Un boomerang per l'occupazione

Nella migliore delle ipotesi, la volontà dell'Unione di fissare obbligatoriamente in ogni Paese un salario minimo risulterà del tutto inutile, ma nella peggiore (ed è il caso più probabile) avrà conseguenze assai dannose

Un boomerang per l'occupazione

Nella migliore delle ipotesi, la volontà dell'Unione di fissare obbligatoriamente in ogni Paese un salario minimo risulterà del tutto inutile, ma nella peggiore (ed è il caso più probabile) avrà conseguenze assai dannose. Molto dipenderà dal livello che sarà fissato in Italia, ma è già significativo che in Bulgaria il salario minimo mensile sia di 332 euro e in Lussemburgo di 2.257 euro. Se fosse sensato un salario minimo uguale per tutti a livello nazionale, perché non pure a livello europeo?

Sul piano giuridico questa idea muove da un'illusione nefasta e cioè dalla convinzione che una norma da sé possa ignorare la realtà, modificandola a proprio piacere. I legislatori, però, sono incapaci di compiere miracoli.
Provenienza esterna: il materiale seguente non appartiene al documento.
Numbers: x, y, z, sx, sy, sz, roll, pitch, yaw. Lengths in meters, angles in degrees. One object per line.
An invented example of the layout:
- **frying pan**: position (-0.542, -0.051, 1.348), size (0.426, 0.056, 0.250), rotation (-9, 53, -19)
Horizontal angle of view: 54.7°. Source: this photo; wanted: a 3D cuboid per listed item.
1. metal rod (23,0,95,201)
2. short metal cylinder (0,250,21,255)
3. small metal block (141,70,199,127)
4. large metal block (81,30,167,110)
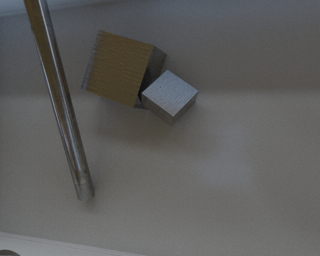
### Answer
- **metal rod**: position (-0.127, -0.039, 0.395), size (0.025, 0.025, 0.298), rotation (-1, 112, 20)
- **short metal cylinder**: position (-0.185, 0.181, 0.336), size (0.080, 0.050, 0.079), rotation (0, 90, 19)
- **small metal block**: position (0.012, -0.038, 0.392), size (0.050, 0.025, 0.050), rotation (37, 65, 15)
- **large metal block**: position (-0.047, -0.076, 0.413), size (0.080, 0.050, 0.080), rotation (21, 97, 18)
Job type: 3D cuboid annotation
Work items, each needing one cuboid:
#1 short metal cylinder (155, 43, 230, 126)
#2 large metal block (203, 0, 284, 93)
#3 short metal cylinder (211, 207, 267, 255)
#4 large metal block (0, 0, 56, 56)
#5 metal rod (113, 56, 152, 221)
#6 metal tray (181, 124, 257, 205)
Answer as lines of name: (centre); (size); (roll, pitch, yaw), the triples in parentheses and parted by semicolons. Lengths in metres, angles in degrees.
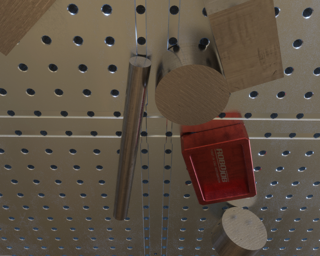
short metal cylinder: (0.035, -0.049, 0.353); (0.081, 0.050, 0.079); (0, 130, 0)
large metal block: (0.076, -0.094, 0.296); (0.050, 0.080, 0.080); (-16, 128, 13)
short metal cylinder: (0.135, 0.185, 0.534); (0.081, 0.080, 0.050); (12, 129, -10)
large metal block: (-0.147, -0.129, 0.284); (0.080, 0.050, 0.080); (-34, 123, 25)
metal rod: (-0.045, 0.038, 0.442); (0.025, 0.025, 0.298); (7, 130, -6)
metal tray: (0.089, 0.059, 0.458); (0.090, 0.030, 0.129); (-12, 129, 10)
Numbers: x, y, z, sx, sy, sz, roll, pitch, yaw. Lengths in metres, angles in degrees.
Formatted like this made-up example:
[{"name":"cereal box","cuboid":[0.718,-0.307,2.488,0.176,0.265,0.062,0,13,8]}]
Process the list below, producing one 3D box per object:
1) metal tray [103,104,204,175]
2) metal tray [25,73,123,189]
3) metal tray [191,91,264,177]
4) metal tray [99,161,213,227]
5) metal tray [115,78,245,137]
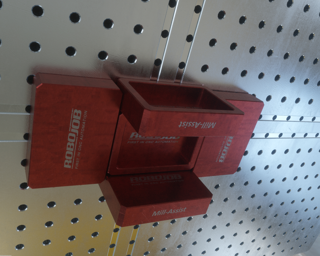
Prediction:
[{"name":"metal tray","cuboid":[-0.005,0.014,0.413,0.131,0.030,0.089,1,118,-29]},{"name":"metal tray","cuboid":[-0.101,0.007,0.357,0.091,0.030,0.129,1,118,-29]},{"name":"metal tray","cuboid":[0.093,0.011,0.466,0.091,0.030,0.129,0,118,-30]},{"name":"metal tray","cuboid":[-0.007,0.081,0.415,0.131,0.090,0.030,1,118,-29]},{"name":"metal tray","cuboid":[0.022,-0.025,0.367,0.131,0.090,0.030,1,118,-29]}]
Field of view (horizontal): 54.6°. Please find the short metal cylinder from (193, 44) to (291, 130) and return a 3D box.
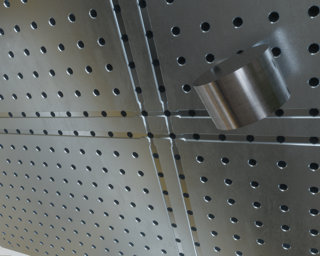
[{"bbox_3d":[0.080,-0.041,0.308,0.080,0.080,0.050,-21,107,36],"label":"short metal cylinder"}]
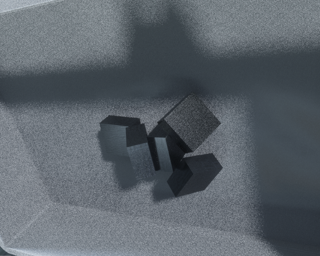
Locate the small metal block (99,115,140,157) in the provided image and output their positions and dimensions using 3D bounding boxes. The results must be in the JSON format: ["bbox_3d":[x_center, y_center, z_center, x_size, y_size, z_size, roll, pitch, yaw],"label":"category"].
[{"bbox_3d":[-0.053,0.012,0.438,0.050,0.025,0.050,6,121,24],"label":"small metal block"}]

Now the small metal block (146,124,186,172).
[{"bbox_3d":[0.010,0.021,0.397,0.025,0.050,0.050,1,119,27],"label":"small metal block"}]

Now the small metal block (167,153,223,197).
[{"bbox_3d":[0.044,0.061,0.400,0.025,0.050,0.050,58,136,32],"label":"small metal block"}]

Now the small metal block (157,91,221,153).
[{"bbox_3d":[0.034,-0.006,0.364,0.050,0.050,0.025,48,161,-6],"label":"small metal block"}]

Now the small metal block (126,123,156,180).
[{"bbox_3d":[-0.025,0.029,0.397,0.025,0.050,0.050,-14,119,-1],"label":"small metal block"}]
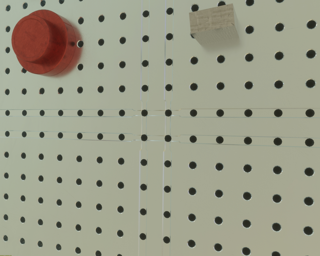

Come ironizzò Bruno Leoni citando Shakespeare, nessun editto regale può far sì che in ogni pentola ci sia un pollo se il numero delle pentole è superiore a quello dei pennuti. Fuor di metafora, è la realtà economica e la produttività che, grazie all'incontro tra offerta e domanda, fanno emergere i salari corretti. Questo già aiuta a comprendere l'errore di ordine economico, dalle ricadute nefaste, conseguente all'imposizione di retribuzioni troppo alte. Ne può solo discendere, infatti, che lavoratori a bassa produttività si trovino disoccupati o finiscano in mano a organizzazioni malavitose. Non si parla di qualcosa di ipotetico. L'America stessa sperimenta tutto ciò da decenni, dato che a ogni innalzamento del salario minimo corrisponde un incremento della disoccupazione proprio tra i gruppi più deboli: tra quanti sono arrivati negli Usa di recente oppure sono giovani e non qualificati.

Una legge non basta a migliorare le condizioni dei più deboli. Invece che adottare queste logiche populiste, quanti ci governano dovrebbero intervenire sul cuneo fiscale (il prelievo tributario e previdenziale), alzando i salari reali grazie a un ritrarsi della spesa pubblica. Questo, però, è esattamente ciò che molti politici non vogliono affatto. Il vero conflitto, allora, non è tra imprese e lavoratori, ma tra chi produce e vuole vivere del suo e quanti, invece, controllano la ricchezza generata da altri. Per giunta, se saremo obbligati a seguire questa strada, a pagare il prezzo più alto una volta di più sarà il Meridione. Già ora l'economia del Sud patisce contratti nazionali inadeguati alla produttività locale e che quindi generano, al tempo stesso, un'alta disoccupazione e una massiccia diffusione del lavoro nero. L'introduzione del minimo salariale aggraverebbe una situazione già compromessa.

Il guaio di fondo è che ormai si è persa la consapevolezza che bisogna riconoscere a tutti la facoltà di contrattare liberamente: senza imporre alcunché

e inibire liberi accordi. Al tempo stesso, manca nei più la consapevolezza del ruolo che i prezzi devono giocare, affinché ogni attore economico (imprenditore, lavoratore, consumatore) possa agire nel modo più razionale.